• [What to produce]: For this exercise, reproduce each entry below exactly, excluding pictures.

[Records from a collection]
————
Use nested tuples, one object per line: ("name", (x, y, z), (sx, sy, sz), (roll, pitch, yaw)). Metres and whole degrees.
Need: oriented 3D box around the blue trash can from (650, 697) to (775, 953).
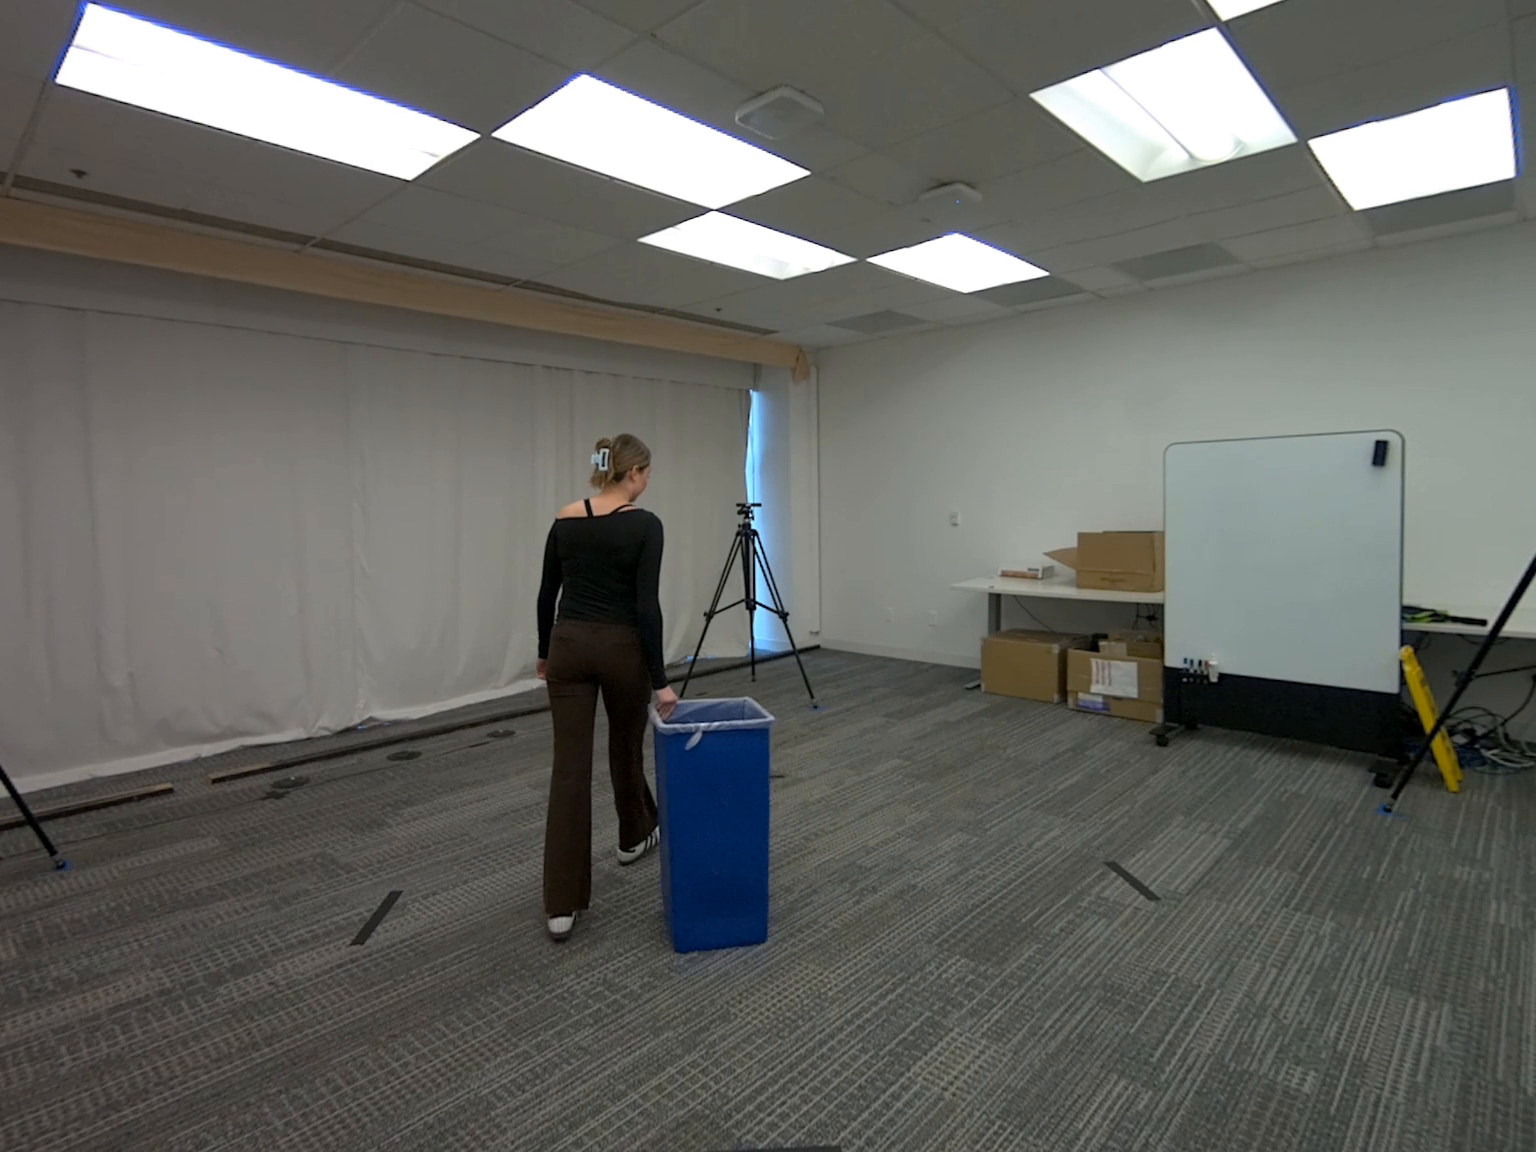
("blue trash can", (-0.190, 0.793, 2.784), (0.373, 0.713, 0.379), (-1, 2, -13))
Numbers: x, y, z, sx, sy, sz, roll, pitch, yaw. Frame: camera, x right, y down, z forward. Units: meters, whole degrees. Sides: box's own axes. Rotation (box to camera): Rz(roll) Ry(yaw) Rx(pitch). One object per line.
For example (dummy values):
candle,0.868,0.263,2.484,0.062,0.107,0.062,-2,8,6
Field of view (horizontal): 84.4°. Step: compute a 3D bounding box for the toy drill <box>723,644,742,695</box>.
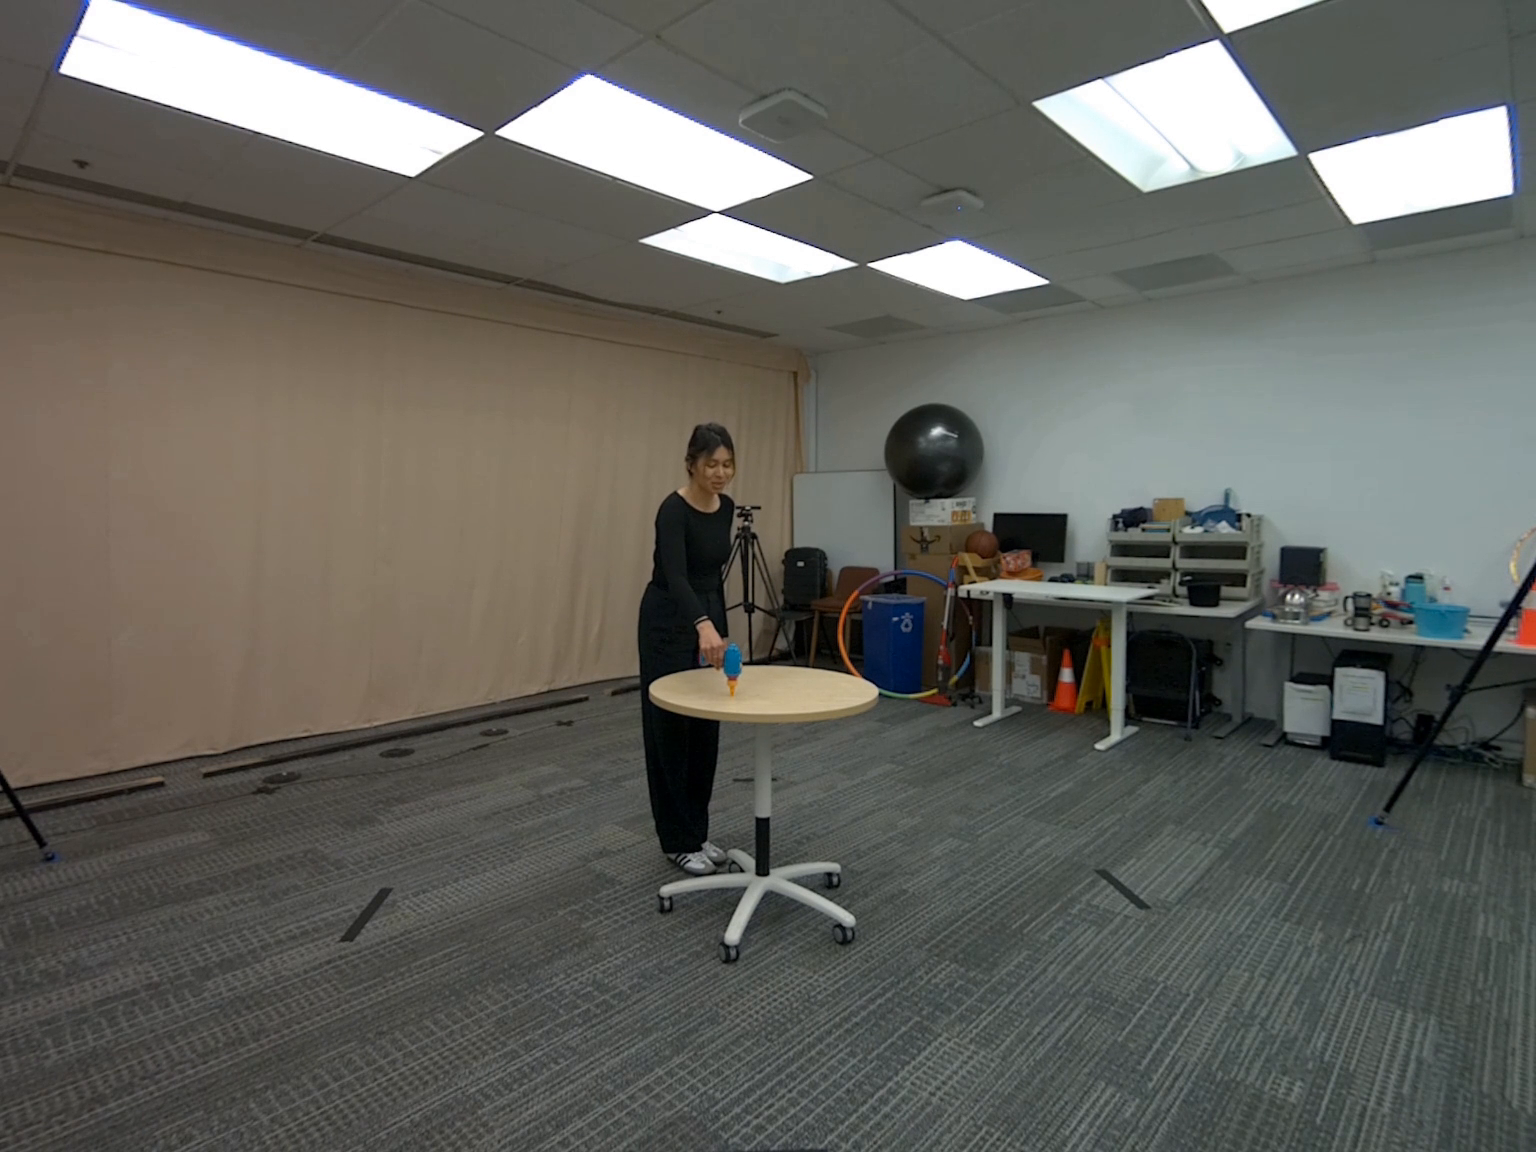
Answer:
toy drill,-0.143,0.297,2.692,0.150,0.169,0.060,6,11,27
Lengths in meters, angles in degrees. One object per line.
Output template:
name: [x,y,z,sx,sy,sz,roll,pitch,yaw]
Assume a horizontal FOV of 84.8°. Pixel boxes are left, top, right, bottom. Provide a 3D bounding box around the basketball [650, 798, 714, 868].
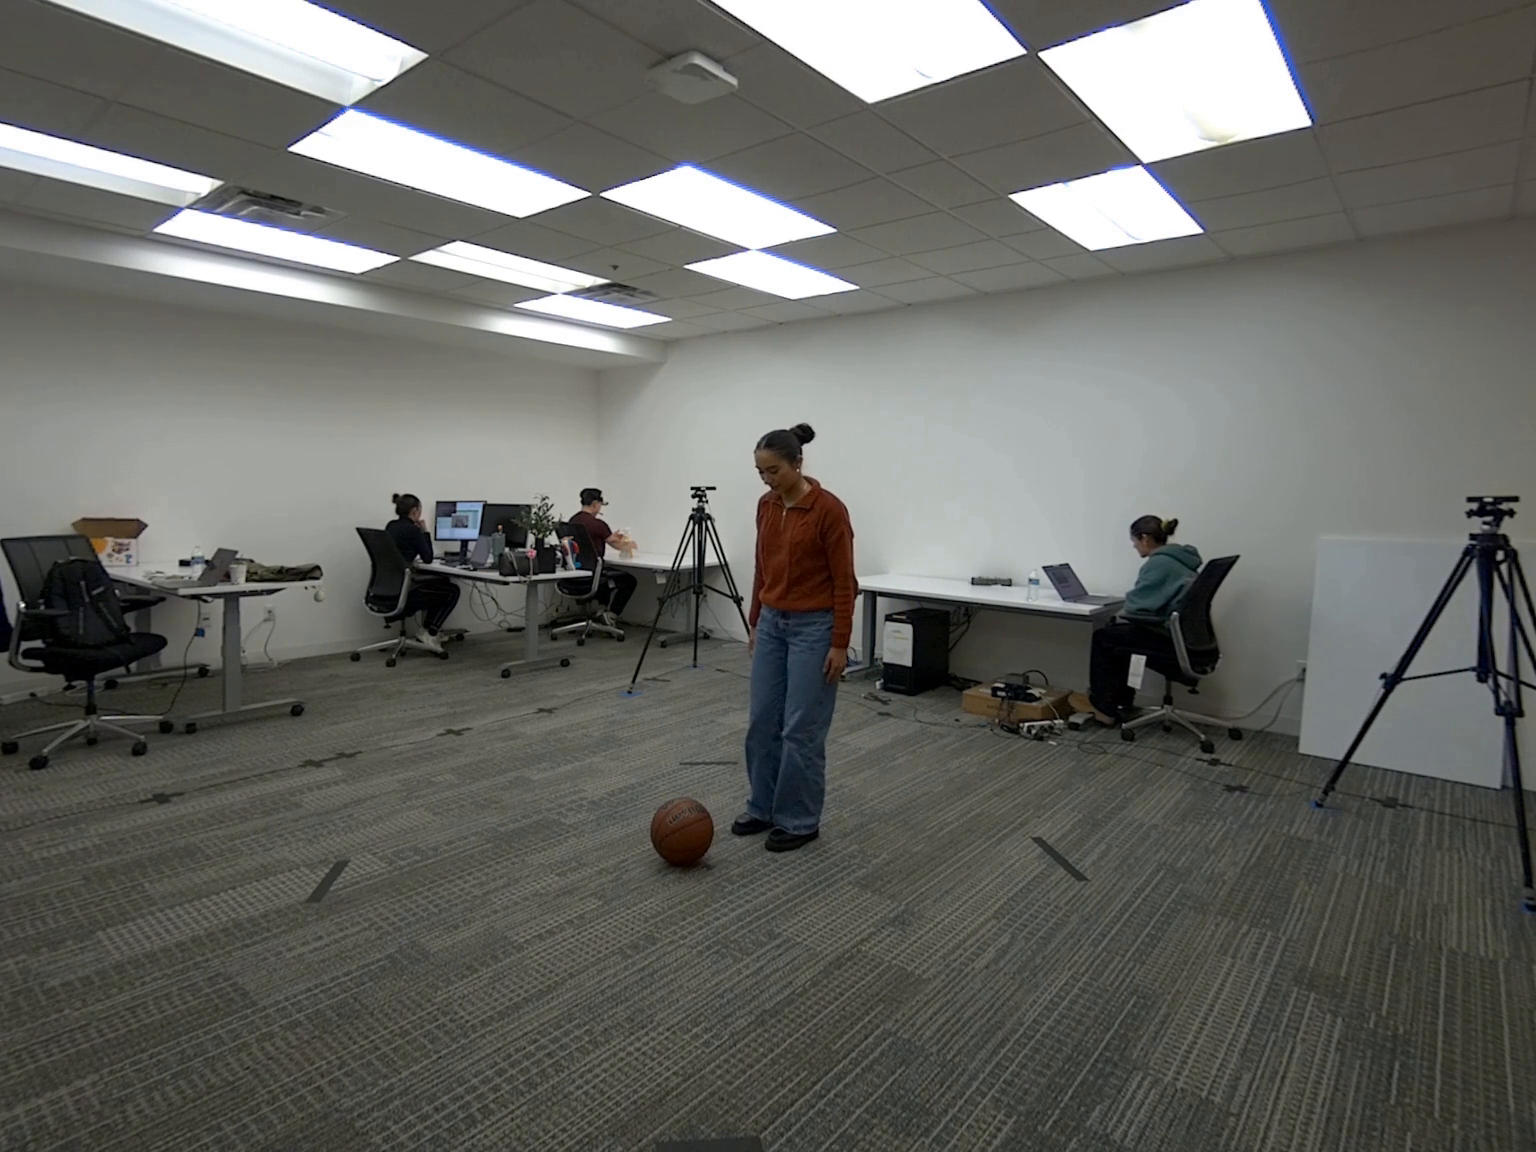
basketball: [-0.324,0.939,3.154,0.235,0.235,0.237,1,4,-2]
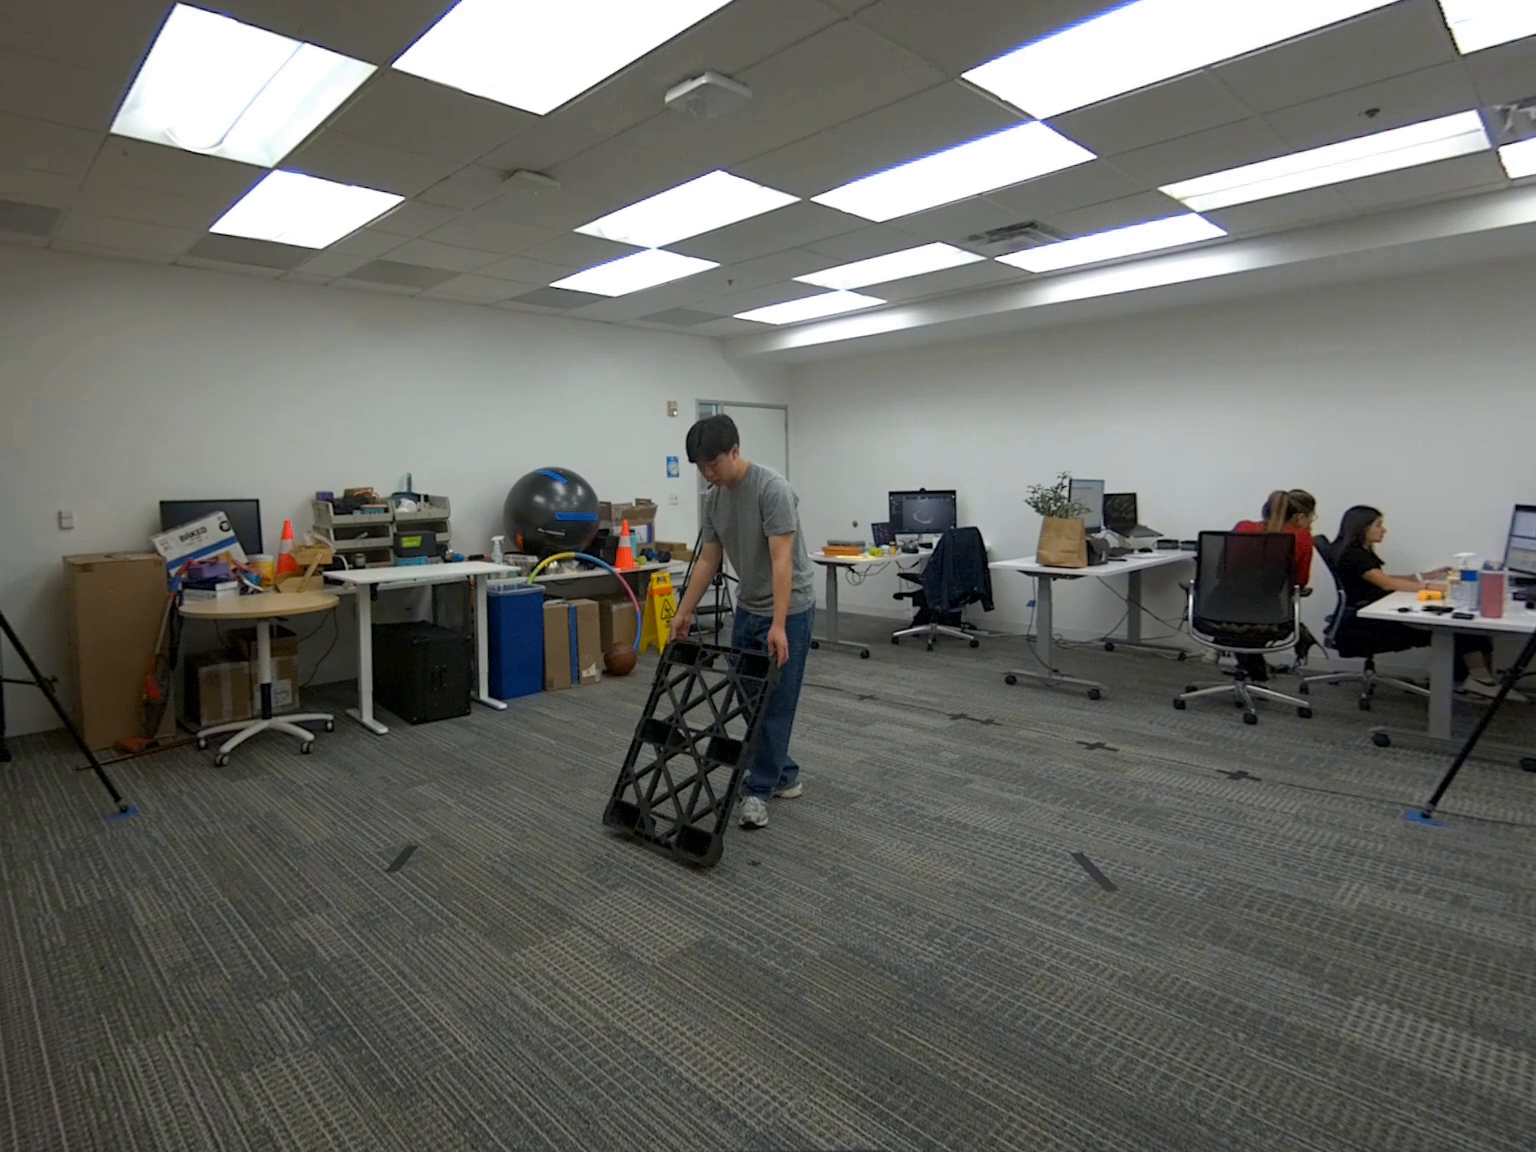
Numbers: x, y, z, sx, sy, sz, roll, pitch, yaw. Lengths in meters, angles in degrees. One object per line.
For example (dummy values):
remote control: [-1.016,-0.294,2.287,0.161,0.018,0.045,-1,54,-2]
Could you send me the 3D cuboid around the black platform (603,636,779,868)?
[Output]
black platform: [-0.282,0.666,3.367,0.623,0.813,0.138,2,-24,42]
————
• [Answer to this exercise]:
Use nested tuples, one object per line: ("name", (x, y, z), (sx, sy, sz), (roll, pitch, yaw)). Metres and whole degrees.
Need: oriented 3D box around the blue trash can from (650, 697) to (775, 953).
("blue trash can", (-0.190, 0.793, 2.784), (0.373, 0.713, 0.379), (-1, 2, -13))
Numbers: x, y, z, sx, sy, sz, roll, pitch, yaw. Frame: camera, x right, y down, z forward. Units: meters, whole degrees. Sides: box's own axes. Rotation (box to camera): Rz(roll) Ry(yaw) Rx(pitch). One object per line.
For example (dummy values):
candle,0.868,0.263,2.484,0.062,0.107,0.062,-2,8,6
Field of view (horizontal): 84.4°. Step: compute a 3D bounding box for the toy drill <box>723,644,742,695</box>.
Answer:
toy drill,-0.143,0.297,2.692,0.150,0.169,0.060,6,11,27
Lengths in meters, angles in degrees. One object per line.
Output template:
name: [x,y,z,sx,sy,sz,roll,pitch,yaw]
Assume a horizontal FOV of 84.8°. Pixel boxes are left, top, right, bottom. Provide a 3D bounding box around the basketball [650, 798, 714, 868].
basketball: [-0.324,0.939,3.154,0.235,0.235,0.237,1,4,-2]
Numbers: x, y, z, sx, sy, sz, roll, pitch, yaw. Lengths in meters, angles in degrees. One object per line.
For example (dummy values):
remote control: [-1.016,-0.294,2.287,0.161,0.018,0.045,-1,54,-2]
Could you send me the 3D cuboid around the black platform (603,636,779,868)?
[Output]
black platform: [-0.282,0.666,3.367,0.623,0.813,0.138,2,-24,42]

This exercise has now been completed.